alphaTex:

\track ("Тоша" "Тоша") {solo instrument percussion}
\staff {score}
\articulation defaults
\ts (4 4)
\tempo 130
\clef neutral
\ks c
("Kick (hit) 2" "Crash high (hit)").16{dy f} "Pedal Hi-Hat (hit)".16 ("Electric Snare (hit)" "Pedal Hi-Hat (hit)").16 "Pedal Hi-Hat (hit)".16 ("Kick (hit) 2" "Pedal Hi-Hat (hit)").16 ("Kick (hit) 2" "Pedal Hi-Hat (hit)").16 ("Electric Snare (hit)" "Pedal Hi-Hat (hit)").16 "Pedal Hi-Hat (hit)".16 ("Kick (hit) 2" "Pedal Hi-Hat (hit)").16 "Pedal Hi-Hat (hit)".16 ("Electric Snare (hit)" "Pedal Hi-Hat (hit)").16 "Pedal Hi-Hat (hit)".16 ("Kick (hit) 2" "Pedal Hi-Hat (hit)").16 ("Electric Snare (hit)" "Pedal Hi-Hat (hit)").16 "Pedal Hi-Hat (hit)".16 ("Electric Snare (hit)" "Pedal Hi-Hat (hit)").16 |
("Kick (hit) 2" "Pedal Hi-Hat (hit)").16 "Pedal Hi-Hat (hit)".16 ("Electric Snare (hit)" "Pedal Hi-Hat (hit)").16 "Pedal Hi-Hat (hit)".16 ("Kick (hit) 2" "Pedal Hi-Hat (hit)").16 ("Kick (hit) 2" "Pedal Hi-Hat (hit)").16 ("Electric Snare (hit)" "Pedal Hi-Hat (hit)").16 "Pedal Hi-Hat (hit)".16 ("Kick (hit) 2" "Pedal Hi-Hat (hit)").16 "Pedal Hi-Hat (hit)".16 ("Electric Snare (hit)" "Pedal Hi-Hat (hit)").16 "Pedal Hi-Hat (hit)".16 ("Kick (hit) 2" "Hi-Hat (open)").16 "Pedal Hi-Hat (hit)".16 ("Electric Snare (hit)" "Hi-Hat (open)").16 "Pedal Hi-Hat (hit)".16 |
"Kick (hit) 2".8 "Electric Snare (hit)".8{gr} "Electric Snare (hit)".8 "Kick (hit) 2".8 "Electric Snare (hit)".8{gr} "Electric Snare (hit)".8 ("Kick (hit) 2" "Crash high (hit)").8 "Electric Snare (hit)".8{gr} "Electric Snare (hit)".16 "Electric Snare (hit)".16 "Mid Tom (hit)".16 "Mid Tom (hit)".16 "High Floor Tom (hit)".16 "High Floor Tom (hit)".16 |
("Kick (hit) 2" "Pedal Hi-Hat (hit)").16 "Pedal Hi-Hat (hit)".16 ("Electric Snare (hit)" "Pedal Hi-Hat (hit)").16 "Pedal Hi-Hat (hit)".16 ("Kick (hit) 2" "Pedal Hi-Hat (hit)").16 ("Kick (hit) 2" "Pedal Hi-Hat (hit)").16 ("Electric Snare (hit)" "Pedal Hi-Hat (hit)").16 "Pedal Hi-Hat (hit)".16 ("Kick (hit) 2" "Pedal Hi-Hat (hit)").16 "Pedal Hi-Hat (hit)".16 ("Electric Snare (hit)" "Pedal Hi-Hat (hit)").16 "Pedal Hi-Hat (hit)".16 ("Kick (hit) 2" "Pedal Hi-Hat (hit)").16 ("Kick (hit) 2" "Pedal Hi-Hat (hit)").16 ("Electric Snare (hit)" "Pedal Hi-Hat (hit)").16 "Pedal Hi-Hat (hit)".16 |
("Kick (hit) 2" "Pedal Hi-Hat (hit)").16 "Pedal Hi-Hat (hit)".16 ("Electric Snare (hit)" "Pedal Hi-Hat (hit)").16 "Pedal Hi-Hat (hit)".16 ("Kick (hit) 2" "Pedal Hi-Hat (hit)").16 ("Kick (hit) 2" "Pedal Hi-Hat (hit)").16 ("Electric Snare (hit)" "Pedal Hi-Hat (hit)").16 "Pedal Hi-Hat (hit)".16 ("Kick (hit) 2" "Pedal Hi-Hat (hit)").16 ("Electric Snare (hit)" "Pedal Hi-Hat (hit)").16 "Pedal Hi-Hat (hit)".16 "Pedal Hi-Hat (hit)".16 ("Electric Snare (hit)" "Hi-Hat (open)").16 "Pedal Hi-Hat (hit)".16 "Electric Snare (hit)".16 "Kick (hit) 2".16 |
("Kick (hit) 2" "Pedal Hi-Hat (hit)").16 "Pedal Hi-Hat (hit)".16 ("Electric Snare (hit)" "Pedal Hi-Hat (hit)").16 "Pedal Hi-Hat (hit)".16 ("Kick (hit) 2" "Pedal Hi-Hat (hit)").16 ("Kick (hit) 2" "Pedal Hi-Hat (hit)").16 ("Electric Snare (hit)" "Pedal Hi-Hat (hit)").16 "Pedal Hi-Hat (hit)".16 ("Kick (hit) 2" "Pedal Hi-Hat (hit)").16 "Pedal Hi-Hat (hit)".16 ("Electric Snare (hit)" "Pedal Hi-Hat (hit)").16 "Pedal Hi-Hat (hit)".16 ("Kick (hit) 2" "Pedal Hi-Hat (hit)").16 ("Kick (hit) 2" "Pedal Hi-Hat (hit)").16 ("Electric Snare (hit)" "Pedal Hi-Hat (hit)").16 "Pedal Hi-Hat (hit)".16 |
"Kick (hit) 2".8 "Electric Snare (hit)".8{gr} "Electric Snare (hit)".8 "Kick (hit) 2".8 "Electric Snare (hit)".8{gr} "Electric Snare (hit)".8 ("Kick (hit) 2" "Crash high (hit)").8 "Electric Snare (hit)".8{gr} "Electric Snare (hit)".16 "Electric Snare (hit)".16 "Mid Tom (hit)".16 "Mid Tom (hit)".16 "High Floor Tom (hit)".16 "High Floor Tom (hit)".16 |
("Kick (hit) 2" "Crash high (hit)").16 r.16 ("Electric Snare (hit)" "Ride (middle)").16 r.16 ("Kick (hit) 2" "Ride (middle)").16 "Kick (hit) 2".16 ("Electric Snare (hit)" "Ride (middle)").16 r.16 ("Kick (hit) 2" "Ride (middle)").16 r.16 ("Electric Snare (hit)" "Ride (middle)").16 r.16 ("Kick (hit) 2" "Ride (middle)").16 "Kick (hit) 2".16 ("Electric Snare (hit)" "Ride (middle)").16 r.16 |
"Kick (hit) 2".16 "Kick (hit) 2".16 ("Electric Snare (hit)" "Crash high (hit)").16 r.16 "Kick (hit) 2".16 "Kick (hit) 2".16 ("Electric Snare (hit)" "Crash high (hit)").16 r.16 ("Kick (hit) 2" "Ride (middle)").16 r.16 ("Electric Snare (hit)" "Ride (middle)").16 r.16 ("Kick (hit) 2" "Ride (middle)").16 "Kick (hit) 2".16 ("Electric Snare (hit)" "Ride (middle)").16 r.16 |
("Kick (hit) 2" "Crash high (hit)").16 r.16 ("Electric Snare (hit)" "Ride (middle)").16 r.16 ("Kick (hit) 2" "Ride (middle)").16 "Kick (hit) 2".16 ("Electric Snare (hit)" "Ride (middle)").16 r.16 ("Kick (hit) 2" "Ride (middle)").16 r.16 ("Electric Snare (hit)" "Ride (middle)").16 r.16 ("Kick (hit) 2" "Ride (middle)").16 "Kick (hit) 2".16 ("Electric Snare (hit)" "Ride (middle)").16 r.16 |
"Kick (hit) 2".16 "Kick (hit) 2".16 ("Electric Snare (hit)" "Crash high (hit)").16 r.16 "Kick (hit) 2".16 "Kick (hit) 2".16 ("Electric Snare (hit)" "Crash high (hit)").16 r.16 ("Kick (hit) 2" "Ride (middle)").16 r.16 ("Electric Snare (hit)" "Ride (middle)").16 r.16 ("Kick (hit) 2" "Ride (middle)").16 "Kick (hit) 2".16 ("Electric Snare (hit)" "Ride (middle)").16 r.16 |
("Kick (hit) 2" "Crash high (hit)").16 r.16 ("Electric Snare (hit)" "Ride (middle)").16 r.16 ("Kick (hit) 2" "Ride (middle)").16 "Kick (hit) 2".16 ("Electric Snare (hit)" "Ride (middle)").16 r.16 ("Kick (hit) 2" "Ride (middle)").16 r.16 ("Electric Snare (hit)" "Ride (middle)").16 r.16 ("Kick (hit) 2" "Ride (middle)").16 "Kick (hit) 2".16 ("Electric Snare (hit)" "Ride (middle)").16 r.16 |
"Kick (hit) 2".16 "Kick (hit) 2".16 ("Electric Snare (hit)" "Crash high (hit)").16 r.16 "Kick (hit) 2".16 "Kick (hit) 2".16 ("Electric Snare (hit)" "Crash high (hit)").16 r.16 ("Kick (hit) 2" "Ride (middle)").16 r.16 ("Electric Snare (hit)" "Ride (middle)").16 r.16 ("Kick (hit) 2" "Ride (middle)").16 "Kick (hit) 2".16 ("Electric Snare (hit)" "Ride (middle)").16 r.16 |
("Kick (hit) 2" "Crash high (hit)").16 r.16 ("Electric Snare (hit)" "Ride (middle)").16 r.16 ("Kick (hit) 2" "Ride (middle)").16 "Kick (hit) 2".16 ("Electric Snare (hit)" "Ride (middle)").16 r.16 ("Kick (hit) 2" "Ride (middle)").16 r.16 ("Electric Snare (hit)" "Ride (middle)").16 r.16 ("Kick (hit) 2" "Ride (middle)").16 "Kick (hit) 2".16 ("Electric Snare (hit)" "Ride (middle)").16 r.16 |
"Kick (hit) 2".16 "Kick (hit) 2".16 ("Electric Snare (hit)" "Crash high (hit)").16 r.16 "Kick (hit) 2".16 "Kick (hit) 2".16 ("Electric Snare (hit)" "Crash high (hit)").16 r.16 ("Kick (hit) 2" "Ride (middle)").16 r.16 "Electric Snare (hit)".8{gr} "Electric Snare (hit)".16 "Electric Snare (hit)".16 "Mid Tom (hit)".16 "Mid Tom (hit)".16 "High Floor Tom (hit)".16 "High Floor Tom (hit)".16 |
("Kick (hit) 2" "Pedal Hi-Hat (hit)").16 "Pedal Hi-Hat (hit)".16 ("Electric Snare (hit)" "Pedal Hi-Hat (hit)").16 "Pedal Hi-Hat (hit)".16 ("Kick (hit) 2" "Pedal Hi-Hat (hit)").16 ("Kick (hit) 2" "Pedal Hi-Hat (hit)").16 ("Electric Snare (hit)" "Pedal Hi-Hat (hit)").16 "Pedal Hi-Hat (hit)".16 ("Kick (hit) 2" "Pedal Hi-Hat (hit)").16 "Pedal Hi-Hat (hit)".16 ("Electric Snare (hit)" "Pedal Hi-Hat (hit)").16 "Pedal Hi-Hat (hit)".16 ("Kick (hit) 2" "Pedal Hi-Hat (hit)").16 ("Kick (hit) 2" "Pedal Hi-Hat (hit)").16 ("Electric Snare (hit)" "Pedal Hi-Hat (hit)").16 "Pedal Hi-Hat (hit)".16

**TRY IT**: Each line of the records that contains the string "open" must be copied.

**ANSWER BOX**:
("Kick (hit) 2" "Pedal Hi-Hat (hit)").16 "Pedal Hi-Hat (hit)".16 ("Electric Snare (hit)" "Pedal Hi-Hat (hit)").16 "Pedal Hi-Hat (hit)".16 ("Kick (hit) 2" "Pedal Hi-Hat (hit)").16 ("Kick (hit) 2" "Pedal Hi-Hat (hit)").16 ("Electric Snare (hit)" "Pedal Hi-Hat (hit)").16 "Pedal Hi-Hat (hit)".16 ("Kick (hit) 2" "Pedal Hi-Hat (hit)").16 "Pedal Hi-Hat (hit)".16 ("Electric Snare (hit)" "Pedal Hi-Hat (hit)").16 "Pedal Hi-Hat (hit)".16 ("Kick (hit) 2" "Hi-Hat (open)").16 "Pedal Hi-Hat (hit)".16 ("Electric Snare (hit)" "Hi-Hat (open)").16 "Pedal Hi-Hat (hit)".16 |
("Kick (hit) 2" "Pedal Hi-Hat (hit)").16 "Pedal Hi-Hat (hit)".16 ("Electric Snare (hit)" "Pedal Hi-Hat (hit)").16 "Pedal Hi-Hat (hit)".16 ("Kick (hit) 2" "Pedal Hi-Hat (hit)").16 ("Kick (hit) 2" "Pedal Hi-Hat (hit)").16 ("Electric Snare (hit)" "Pedal Hi-Hat (hit)").16 "Pedal Hi-Hat (hit)".16 ("Kick (hit) 2" "Pedal Hi-Hat (hit)").16 ("Electric Snare (hit)" "Pedal Hi-Hat (hit)").16 "Pedal Hi-Hat (hit)".16 "Pedal Hi-Hat (hit)".16 ("Electric Snare (hit)" "Hi-Hat (open)").16 "Pedal Hi-Hat (hit)".16 "Electric Snare (hit)".16 "Kick (hit) 2".16 |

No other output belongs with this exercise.